Example: lim(x→0) 1/x² = ∞. As x approaches 0, 1/x² grows arbitrarily large. The line x=0 is a vertical asymptote.

Limits at infinity: lim(x→∞) f(x) = L means f(x) approaches L as x grows without bound. lim(x→∞) 1/x = 0. The x-axis (y=0) is a horizontal asymptote of y = 1/x.

5 Why Limits Are the Foundation of Calculus

The derivative is defined as a limit: f'(x) = lim(h→0) [f(x+h) − f(x)] / h. This is the slope of the tangent line — the limit of the slope of a secant line as the two points get infinitely close. Without limits, derivatives cannot be defined.

The definite integral is also a limit: the limit of a sum of infinitely many infinitely thin rectangles under a curve. Without limits, integration cannot be defined.

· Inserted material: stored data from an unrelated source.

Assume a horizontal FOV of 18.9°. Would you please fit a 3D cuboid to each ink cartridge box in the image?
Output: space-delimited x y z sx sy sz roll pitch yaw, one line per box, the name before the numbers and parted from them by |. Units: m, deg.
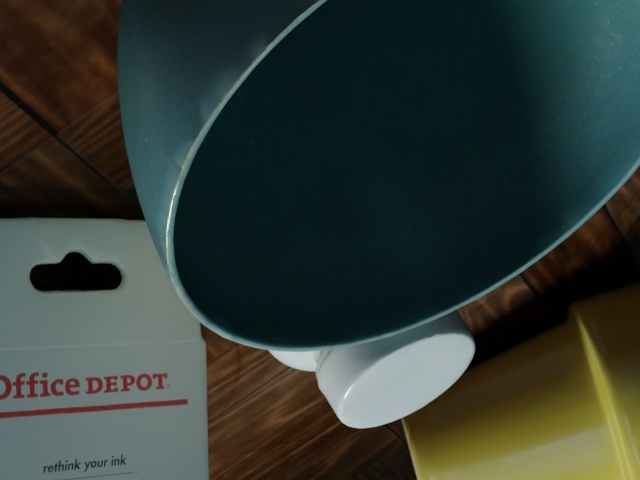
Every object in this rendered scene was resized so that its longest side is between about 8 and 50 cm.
ink cartridge box | -0.179 0.164 1.168 0.207 0.353 0.119 1 177 -44

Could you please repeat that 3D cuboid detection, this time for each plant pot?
plant pot | 0.017 -0.114 0.947 0.290 0.195 0.290 -22 147 -16
plant pot | 0.197 0.181 1.566 0.239 0.254 0.254 -14 150 0

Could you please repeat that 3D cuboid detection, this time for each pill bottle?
pill bottle | 0.000 0.000 1.104 0.117 0.208 0.117 -23 150 -14

Every theorem in calculus — the chain rule, the mean value theorem, Taylor series — rests on the concept of a limit. Understanding limits deeply makes every subsequent calculus topic easier to grasp.

Practice Problems

Find lim(x→2) (x² − 4)/(x − 2)
Factor: (x+2)(x−2)/(x−2) = x+2. As x→2: 4
Does lim(x→0) 1/x exist?
From the right: 1/x → +∞. From the left: 1/x → −∞. One-sided limits differ, so the limit does not exist.
Find lim(x→∞) (3x² + 1)/(x² − 5)
Divide top and bottom by x²: (3 + 1/x²)/(1 − 5/x²). As x→∞, 1/x²→0. Limit = 3/1 = 3.